Am 09.04.2018 um 19:29 schrieb Michal Hocko:
On Mon 09-04-18 16:39:11, Stefan Priebe - Profihost AG wrote:
Am 09.04.2018 um 16:19 schrieb Michal Hocko:
On Mon 09-04-18 16:05:09, Vlastimil Babka wrote:
On 04/06/2018 08:07 PM, Stefan Priebe - Profihost AG wrote:
under memory pressure on a hypervisor running ksmd i had two deadlocks today where the machines rebootet due to lockups.
I see some of them wait in lru_add_drain_all(), I recall some recent issues with that upstream, Michal might know more, adding to CC.

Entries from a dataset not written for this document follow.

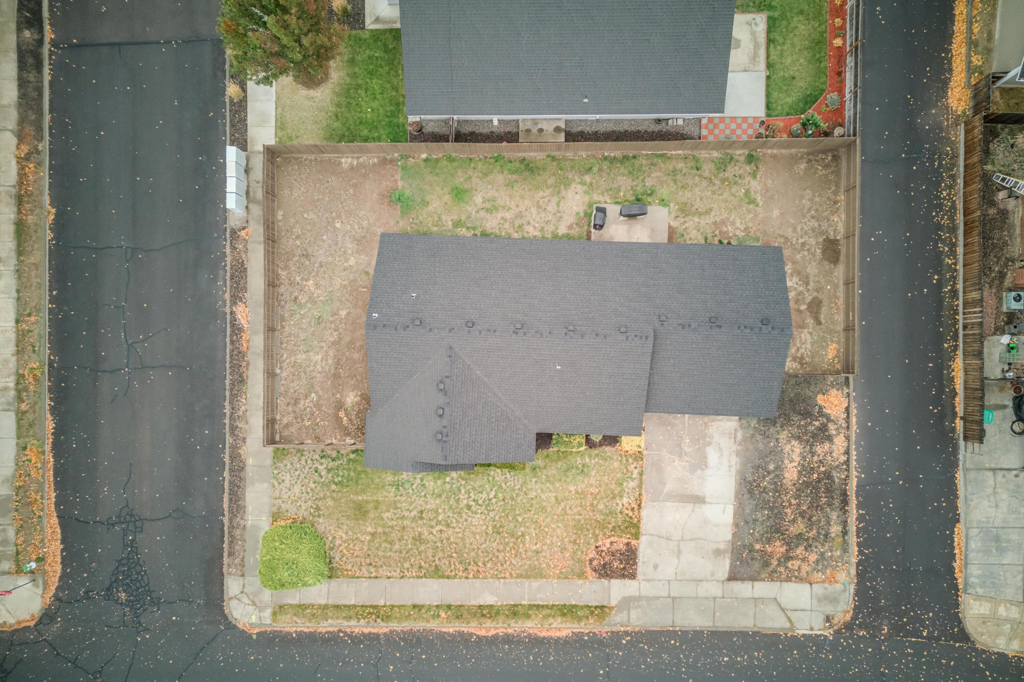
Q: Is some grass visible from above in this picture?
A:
Yes
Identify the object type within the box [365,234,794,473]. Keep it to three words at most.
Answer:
house
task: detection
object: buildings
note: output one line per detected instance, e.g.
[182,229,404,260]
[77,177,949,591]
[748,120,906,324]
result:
[991,0,1024,87]
[365,234,794,473]
[389,0,737,127]
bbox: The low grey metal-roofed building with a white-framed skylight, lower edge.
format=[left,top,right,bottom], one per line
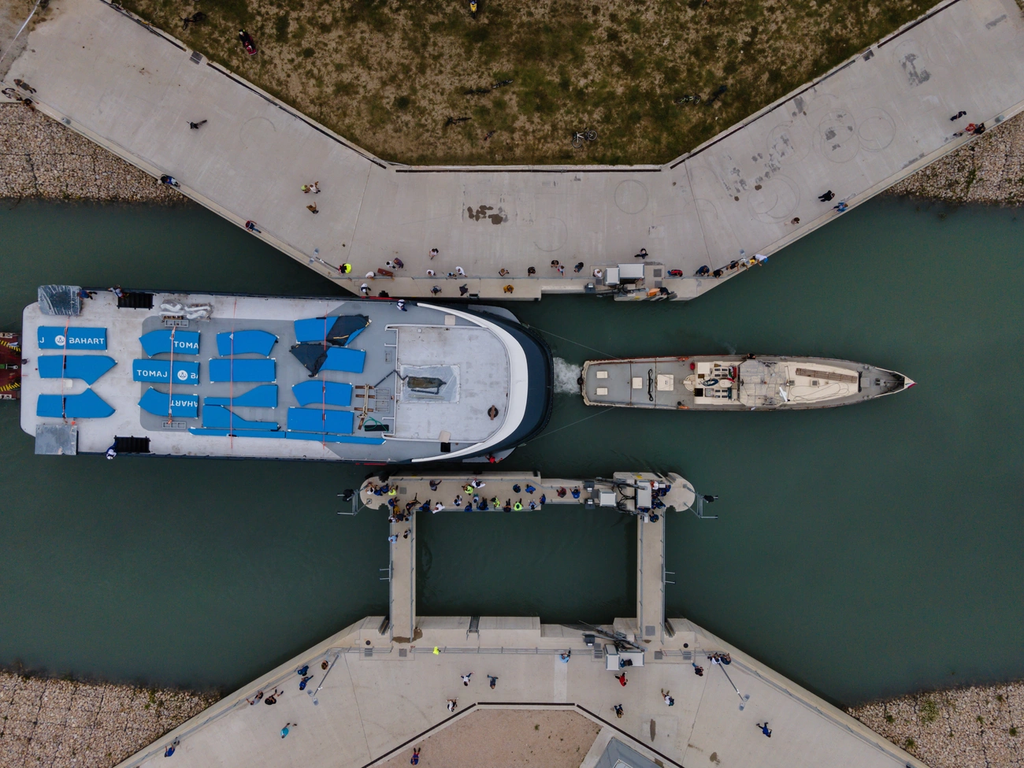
[594,736,666,768]
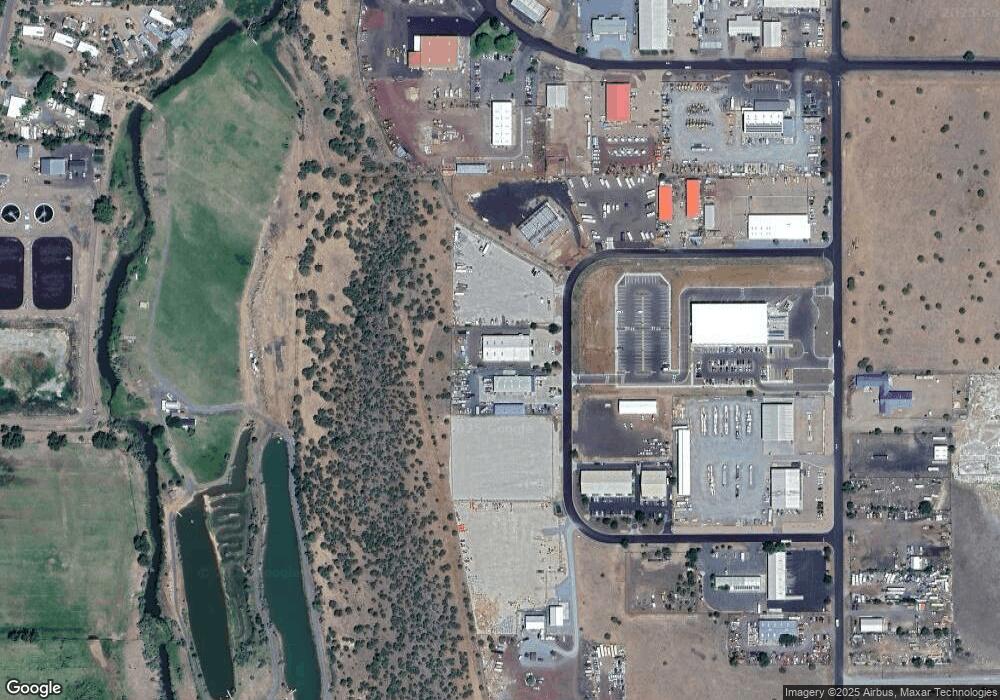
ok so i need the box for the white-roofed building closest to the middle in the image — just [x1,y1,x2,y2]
[482,335,529,360]
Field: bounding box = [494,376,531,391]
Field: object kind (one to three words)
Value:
building
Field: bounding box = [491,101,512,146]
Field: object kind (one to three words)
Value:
building
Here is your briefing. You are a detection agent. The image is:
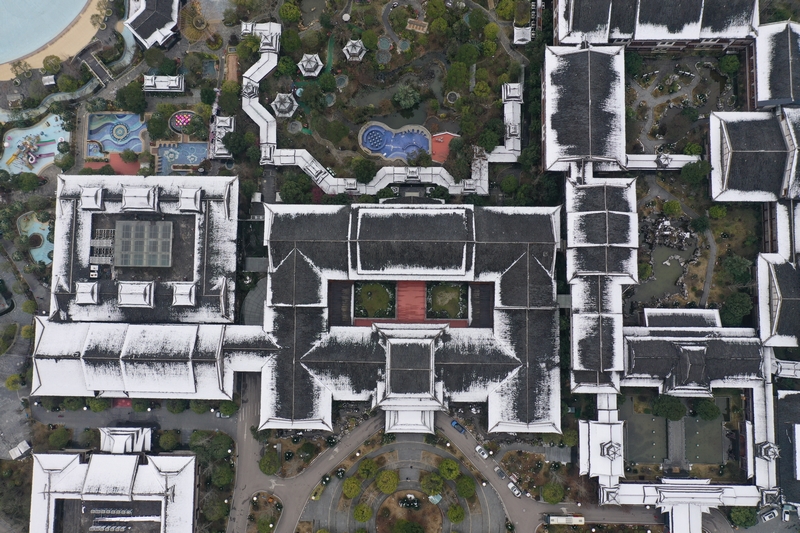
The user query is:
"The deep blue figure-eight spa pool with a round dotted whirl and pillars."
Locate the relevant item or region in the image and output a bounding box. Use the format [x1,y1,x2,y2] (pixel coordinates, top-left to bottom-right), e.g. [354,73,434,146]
[356,119,434,164]
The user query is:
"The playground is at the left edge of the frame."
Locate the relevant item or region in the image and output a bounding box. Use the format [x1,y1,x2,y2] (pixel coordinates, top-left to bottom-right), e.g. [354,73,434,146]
[4,131,55,170]
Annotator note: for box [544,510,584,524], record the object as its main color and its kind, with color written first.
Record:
white vehicle
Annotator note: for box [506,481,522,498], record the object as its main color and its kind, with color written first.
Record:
white car
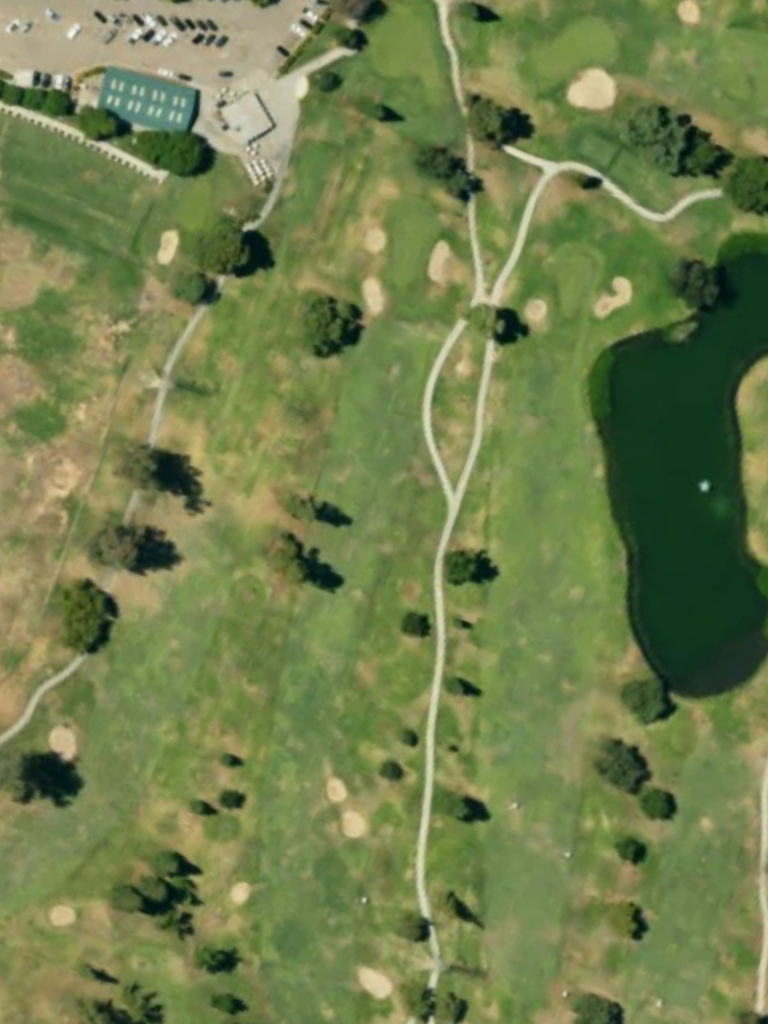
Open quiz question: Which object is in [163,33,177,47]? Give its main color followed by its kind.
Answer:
white vehicle
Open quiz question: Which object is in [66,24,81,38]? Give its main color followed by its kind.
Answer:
white vehicle
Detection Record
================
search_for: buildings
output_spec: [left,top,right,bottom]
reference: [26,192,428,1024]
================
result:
[98,66,198,132]
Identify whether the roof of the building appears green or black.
green
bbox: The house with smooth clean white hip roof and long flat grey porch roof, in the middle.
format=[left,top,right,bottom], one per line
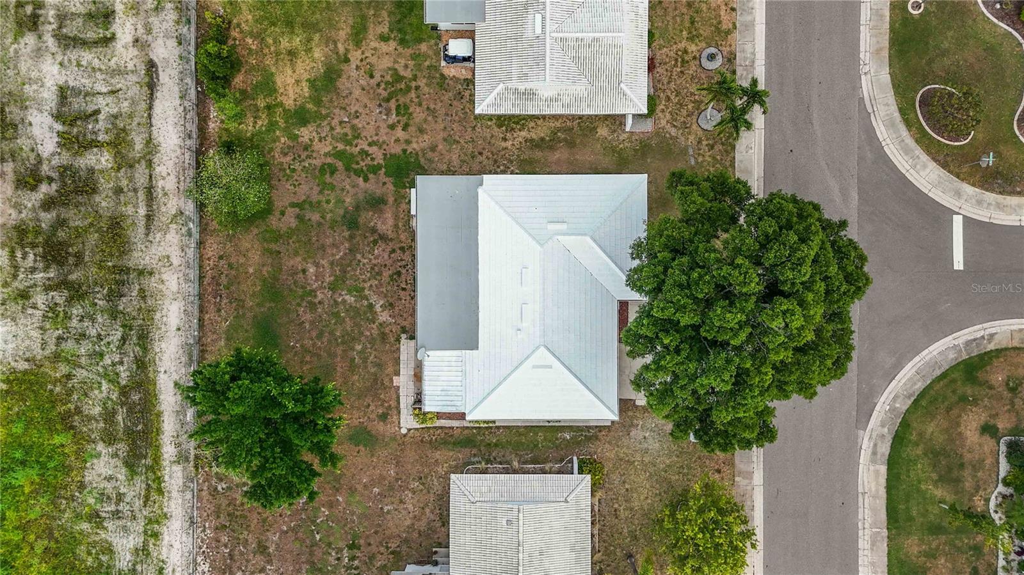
[414,173,649,422]
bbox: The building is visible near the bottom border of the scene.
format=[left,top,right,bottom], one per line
[392,473,592,575]
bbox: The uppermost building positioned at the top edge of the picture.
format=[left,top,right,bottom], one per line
[424,0,649,115]
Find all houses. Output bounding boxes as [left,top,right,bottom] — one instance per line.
[392,473,592,575]
[424,0,649,115]
[414,173,649,422]
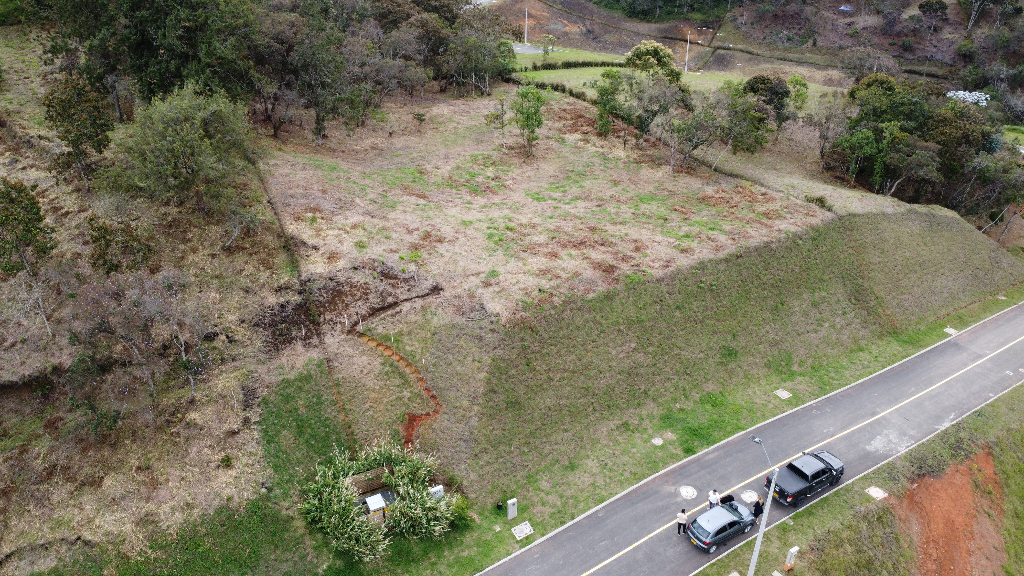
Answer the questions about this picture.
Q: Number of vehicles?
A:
two
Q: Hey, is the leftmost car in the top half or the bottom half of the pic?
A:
bottom
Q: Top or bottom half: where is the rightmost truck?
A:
bottom
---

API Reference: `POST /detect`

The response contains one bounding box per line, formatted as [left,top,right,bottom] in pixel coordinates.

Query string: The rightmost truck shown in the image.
[756,449,847,511]
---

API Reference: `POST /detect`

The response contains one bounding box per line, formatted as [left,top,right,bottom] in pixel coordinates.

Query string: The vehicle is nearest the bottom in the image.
[684,500,757,556]
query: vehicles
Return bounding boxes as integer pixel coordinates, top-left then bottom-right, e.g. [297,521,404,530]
[756,449,847,511]
[684,500,757,556]

Right. There were some locking changes which cure theoretical deadlocks on cpu hotplug locks. Then we have created a dedicated workqueue for lru draining (ce612879ddc78). Traces below show that lru_add_drain_all is blocked waiting for a kworker to finish its job. If there are many work items and all the kworkers are busy then it can take quite some time. ksm_scan_thread shouldn't be critical to the system operation so I do not think that the lru_add_drain_all is really a bottle neck here. I suspect that it just shows up as a victim of the overal problem with the system. How many workers are there and how busy they are? Sysrq+t should display that IIRC.
Other tasks seem to be in the VFS layer (maybe i_mutex) lock. Hard to tell who they are waiting for from the given list.
I had this trace on 3 different Servers in a row while they all had memory pressure due to a lot of virtual machine migrations. All of them are production servers so i'm not really willing to reproduce this...
Might it help to post the traces from the other two servers as well?
There is always chance there will be some pattern there. Btw. what is the hypervisor. I was not on the CC from the beginning so so if this has been answered already.
Hypervisor is kvm / qemu - but i sadly can't prodide the other logs. A collegue delered the history on the weekend to fix a reverse order bug in our netconsole server.
Sorry. So i'll post again if i see this error again.